Congress found itself in a quandary that threatened to provoke a Constitutional crisis—there was certainly no support for a declaration of war against North Vietnam, but there were a number of questions about whether a president could conduct military operations without such a declaration, or some other form of permission from Congress. To resolve the crisis, Congress passed the War Powers Resolution in October, 1973. President Nixon vetoed the resolution, but his veto was overridden on November 7, making the War Powers Resolution law. According to that statute, the president must notify Congress of any commitment of military forces within 48 hours, and must withdraw all forces within 60 days if Congress does not specifically authorize their use. Since the passage of the Resolution, Congress has authorized force in a number of locations, including the 1990-1991 Persian Gulf War, the 2002 invasion of Afghanistan, and the 2003 invasion of Iraq. But, the question remains whether the War Powers Resolution, which effectively functions as a constitutional amendment (but was not passed as such, and thus did not require the acquiescence of the states), is actually constitutional.


To understand why the War Powers Resolution was a necessary measure, it helps to imagine a scenario that, at least so far, has not come to pass.
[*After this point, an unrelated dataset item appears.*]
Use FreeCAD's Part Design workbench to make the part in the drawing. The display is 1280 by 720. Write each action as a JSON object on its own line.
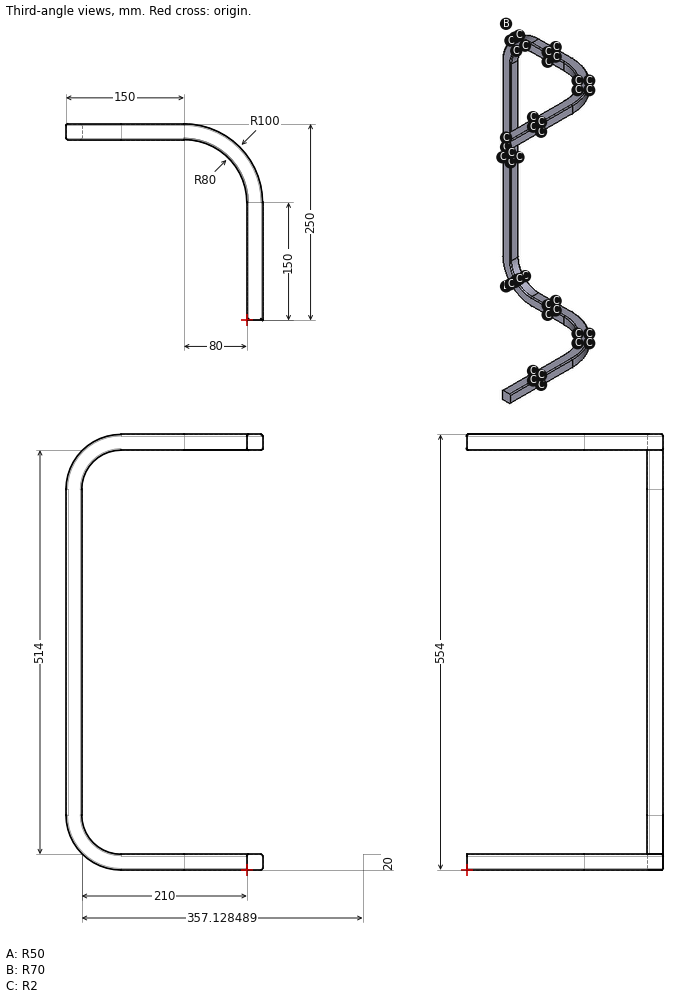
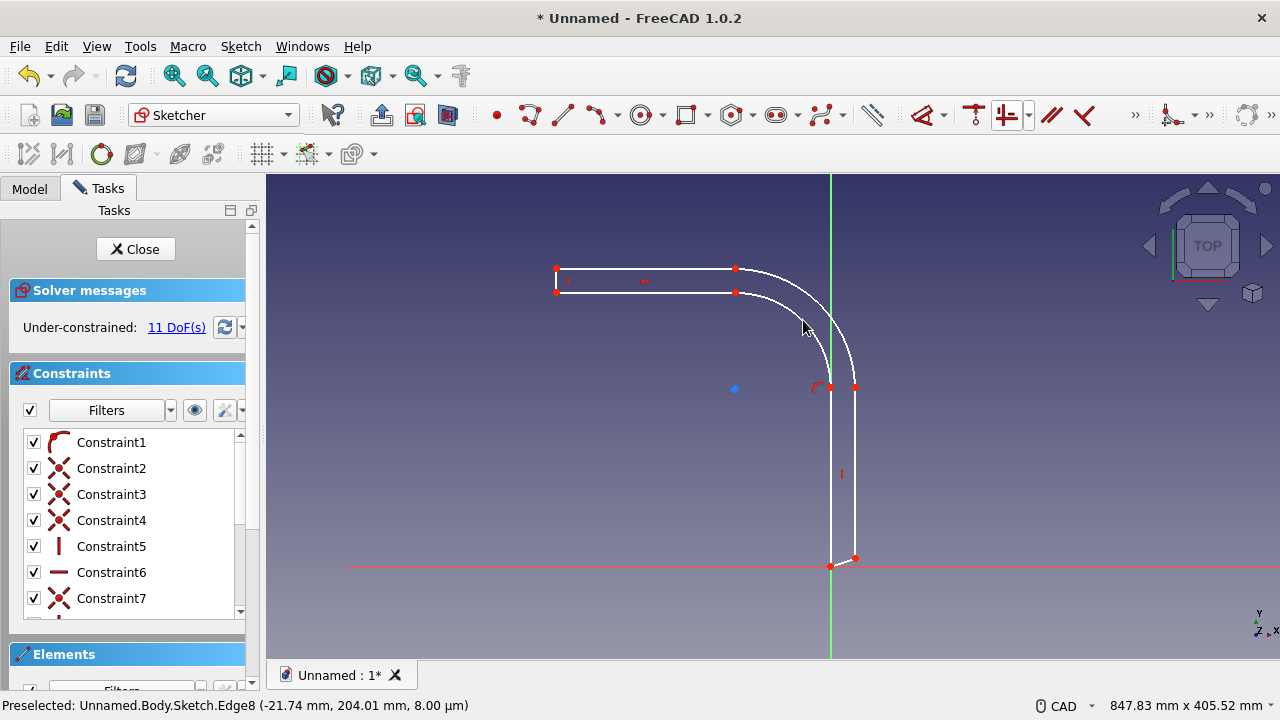
{"action": "scroll", "coordinate": [840, 564], "scroll_direction": "up", "scroll_amount": 2}
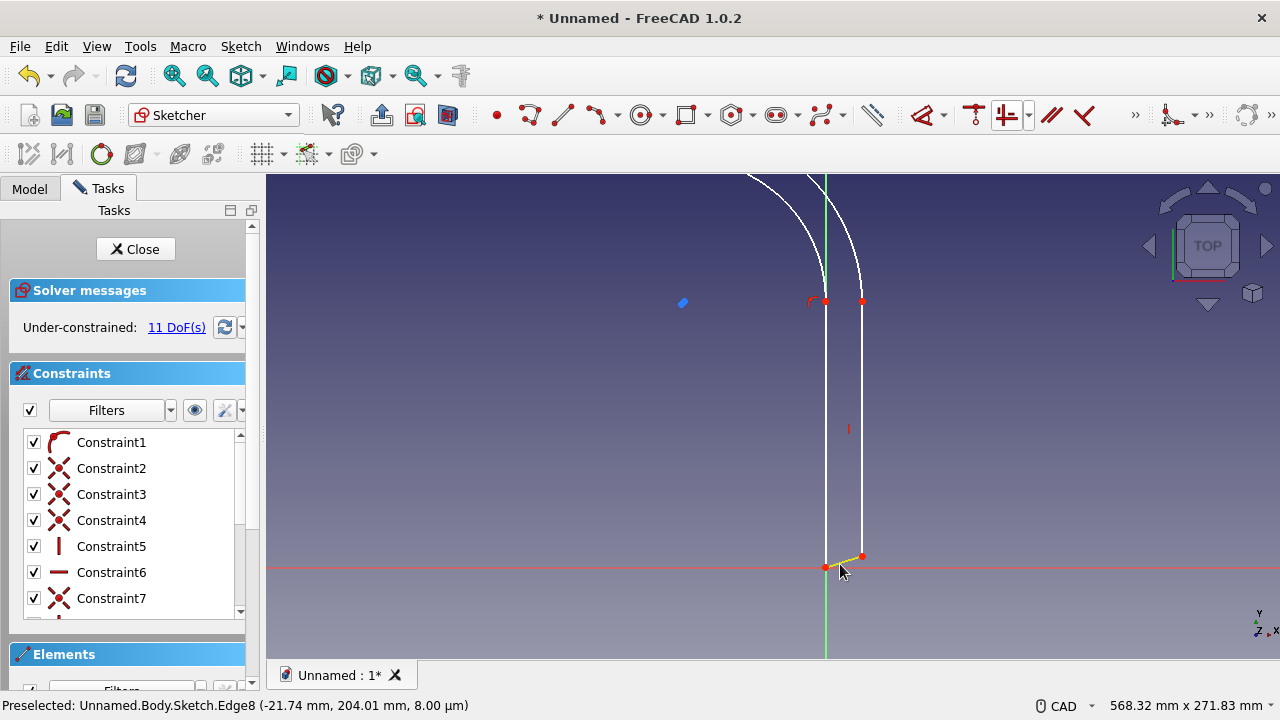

Consider the possibility that Congress declares war upon a foreign state, thus handing the power to the president to conduct that war. During periods of declared war, there are few limits upon presidential power, although past wartime presidents have chosen to restrict their own behaviors (to include conducting presidential elections during wartime). Our imaginary war can only end when the president negotiates a treaty to end it—but what if the president in this scenario refused to negotiate? In that case, the Congress would have effectively handed over dictatorial power to the president, with no effective mechanism to offer constraints. Should the president decide not to hold elections, it might be impossible to force the issue—Congress might have inadvertently created a dictator-for-life, through the act of declaring war. That is not something that particularly worried the founders—the office of the presidency was much weaker and less coveted at that time, and there was little expectation that the republic would grow enamored with engaging in foreign wars. But, in the modern era, the presidency is the most powerful position in the world—constrained only by the consent of the governed and the inherent term limits imposed by the need to hold elections every four years. The War Powers Resolution recognized the changes that had occurred, both in the American standing in the world, and in the relative power between the legislature and the executive, and served to restore at least some balance to the relationship. It is not a perfect solution—a constitutional amendment, however unlikely, would offer a substantial degree of permanence to what currently exists. But, when compared to the dangers of offering unfettered power to any American president, coupled with the most powerful military the world has ever seen—the War Powers Resolution seems a very wise and effective compromise.